» **Required work**:
Report back every line in the data that includes the string "order".

» **Dataset records**:

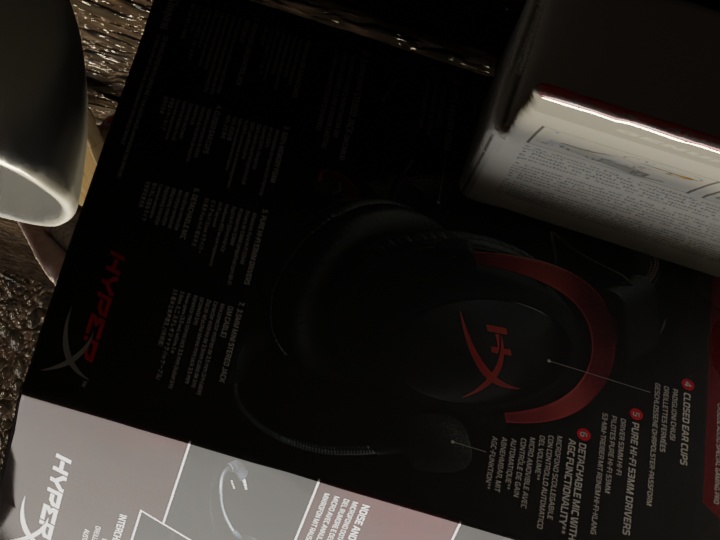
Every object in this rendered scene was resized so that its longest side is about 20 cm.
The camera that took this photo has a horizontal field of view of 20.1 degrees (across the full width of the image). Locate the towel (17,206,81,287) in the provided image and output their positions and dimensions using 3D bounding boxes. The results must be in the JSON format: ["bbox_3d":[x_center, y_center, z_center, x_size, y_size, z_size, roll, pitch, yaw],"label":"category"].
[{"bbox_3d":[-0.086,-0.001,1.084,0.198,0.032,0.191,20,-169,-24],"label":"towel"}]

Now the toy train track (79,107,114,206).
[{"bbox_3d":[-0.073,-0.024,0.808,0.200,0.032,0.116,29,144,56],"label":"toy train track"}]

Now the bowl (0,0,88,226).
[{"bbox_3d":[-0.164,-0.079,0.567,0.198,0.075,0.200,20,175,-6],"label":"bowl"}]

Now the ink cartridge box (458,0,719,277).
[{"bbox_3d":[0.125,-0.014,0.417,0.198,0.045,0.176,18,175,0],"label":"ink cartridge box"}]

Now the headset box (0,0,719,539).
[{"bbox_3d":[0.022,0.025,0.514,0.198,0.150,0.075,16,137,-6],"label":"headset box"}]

---

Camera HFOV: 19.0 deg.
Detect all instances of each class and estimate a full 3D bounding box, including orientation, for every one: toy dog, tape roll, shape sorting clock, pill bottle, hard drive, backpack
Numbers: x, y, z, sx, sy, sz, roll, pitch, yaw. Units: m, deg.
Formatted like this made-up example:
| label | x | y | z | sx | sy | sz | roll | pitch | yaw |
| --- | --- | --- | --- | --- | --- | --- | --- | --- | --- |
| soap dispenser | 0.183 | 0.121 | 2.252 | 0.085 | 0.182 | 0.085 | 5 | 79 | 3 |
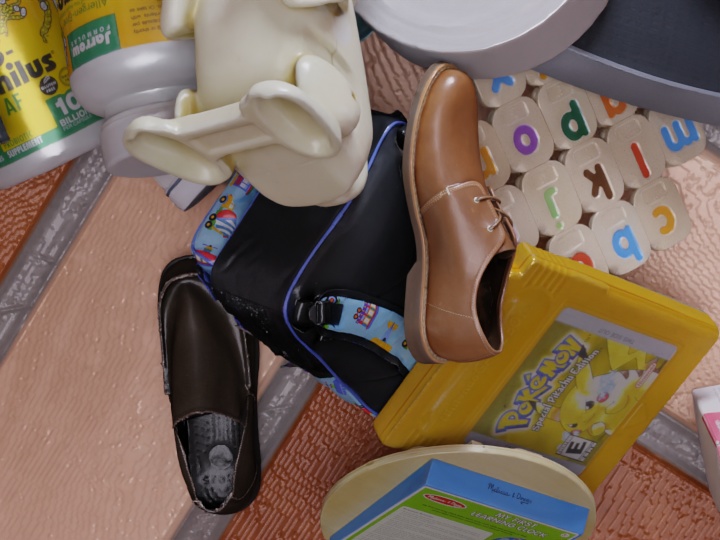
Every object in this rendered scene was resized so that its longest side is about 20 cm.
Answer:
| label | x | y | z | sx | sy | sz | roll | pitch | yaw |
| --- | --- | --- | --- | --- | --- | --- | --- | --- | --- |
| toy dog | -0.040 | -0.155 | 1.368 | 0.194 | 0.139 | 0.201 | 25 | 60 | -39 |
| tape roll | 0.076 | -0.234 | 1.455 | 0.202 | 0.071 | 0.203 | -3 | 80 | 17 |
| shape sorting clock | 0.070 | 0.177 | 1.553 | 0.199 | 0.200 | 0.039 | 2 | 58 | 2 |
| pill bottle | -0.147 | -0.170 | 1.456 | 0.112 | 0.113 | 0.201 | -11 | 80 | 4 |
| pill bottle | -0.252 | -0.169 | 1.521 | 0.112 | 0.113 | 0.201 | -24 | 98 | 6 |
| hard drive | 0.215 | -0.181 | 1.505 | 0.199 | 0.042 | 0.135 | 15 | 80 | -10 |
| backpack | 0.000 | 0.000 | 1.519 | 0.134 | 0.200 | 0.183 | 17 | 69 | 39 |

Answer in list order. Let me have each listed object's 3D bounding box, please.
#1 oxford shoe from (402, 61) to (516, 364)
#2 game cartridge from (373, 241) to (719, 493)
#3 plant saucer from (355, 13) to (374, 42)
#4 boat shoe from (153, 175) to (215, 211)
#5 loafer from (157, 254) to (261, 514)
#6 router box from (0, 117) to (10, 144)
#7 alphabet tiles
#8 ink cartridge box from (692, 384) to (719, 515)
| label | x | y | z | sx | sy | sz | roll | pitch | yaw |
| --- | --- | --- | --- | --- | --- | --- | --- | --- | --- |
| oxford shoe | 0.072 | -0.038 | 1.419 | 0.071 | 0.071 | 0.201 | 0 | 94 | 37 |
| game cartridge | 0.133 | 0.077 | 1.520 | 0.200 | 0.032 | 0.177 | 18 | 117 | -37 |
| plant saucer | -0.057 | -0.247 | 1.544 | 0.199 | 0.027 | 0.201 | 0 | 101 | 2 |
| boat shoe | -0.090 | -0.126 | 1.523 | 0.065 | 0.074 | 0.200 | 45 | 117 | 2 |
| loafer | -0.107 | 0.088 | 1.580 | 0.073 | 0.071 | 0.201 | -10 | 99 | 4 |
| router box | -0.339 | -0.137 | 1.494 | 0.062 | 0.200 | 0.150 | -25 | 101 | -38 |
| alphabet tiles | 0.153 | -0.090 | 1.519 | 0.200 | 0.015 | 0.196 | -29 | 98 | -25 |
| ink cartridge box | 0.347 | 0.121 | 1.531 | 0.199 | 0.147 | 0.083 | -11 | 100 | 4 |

==

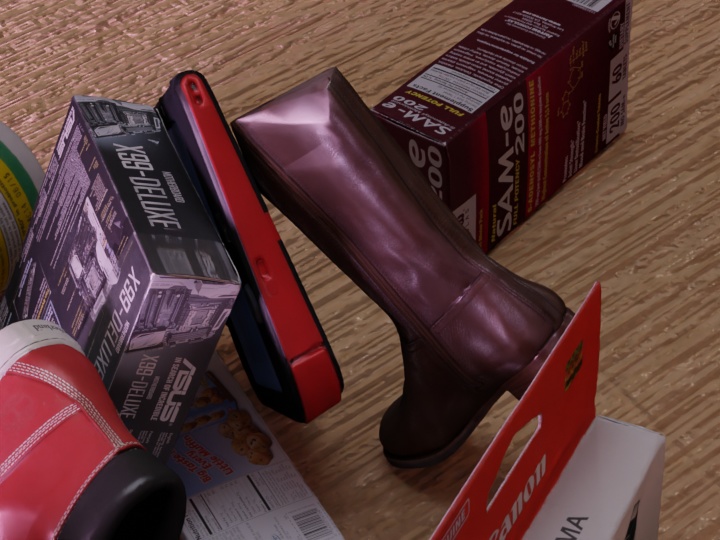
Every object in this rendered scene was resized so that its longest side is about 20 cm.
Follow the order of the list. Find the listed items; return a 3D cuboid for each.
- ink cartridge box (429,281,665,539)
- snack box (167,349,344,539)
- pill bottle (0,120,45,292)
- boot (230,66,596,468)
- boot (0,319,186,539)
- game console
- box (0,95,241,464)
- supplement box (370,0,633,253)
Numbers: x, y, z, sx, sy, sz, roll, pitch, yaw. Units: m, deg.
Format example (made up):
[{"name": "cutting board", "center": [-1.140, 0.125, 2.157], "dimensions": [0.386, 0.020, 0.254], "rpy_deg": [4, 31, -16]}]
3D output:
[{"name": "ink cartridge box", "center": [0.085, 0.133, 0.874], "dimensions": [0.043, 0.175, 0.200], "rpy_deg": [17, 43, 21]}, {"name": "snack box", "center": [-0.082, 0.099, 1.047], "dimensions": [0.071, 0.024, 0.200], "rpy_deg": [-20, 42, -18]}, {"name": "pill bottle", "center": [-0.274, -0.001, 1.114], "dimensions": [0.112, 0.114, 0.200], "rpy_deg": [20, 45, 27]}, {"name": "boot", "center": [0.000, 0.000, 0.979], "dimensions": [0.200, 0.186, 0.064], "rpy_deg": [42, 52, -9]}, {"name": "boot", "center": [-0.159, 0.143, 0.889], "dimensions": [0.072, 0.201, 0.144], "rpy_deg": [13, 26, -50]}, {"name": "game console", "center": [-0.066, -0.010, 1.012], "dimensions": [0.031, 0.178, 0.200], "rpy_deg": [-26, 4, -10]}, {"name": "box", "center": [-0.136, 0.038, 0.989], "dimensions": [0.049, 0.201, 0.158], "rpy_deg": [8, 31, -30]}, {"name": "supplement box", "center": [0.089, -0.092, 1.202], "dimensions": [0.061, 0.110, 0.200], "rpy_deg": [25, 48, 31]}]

» **Result of the exercise**:
Answer in list order. Let me have each listed object's 3D bounding box, please.
Follow the order of the list. Find the listed items; return a 3D cuboid for each.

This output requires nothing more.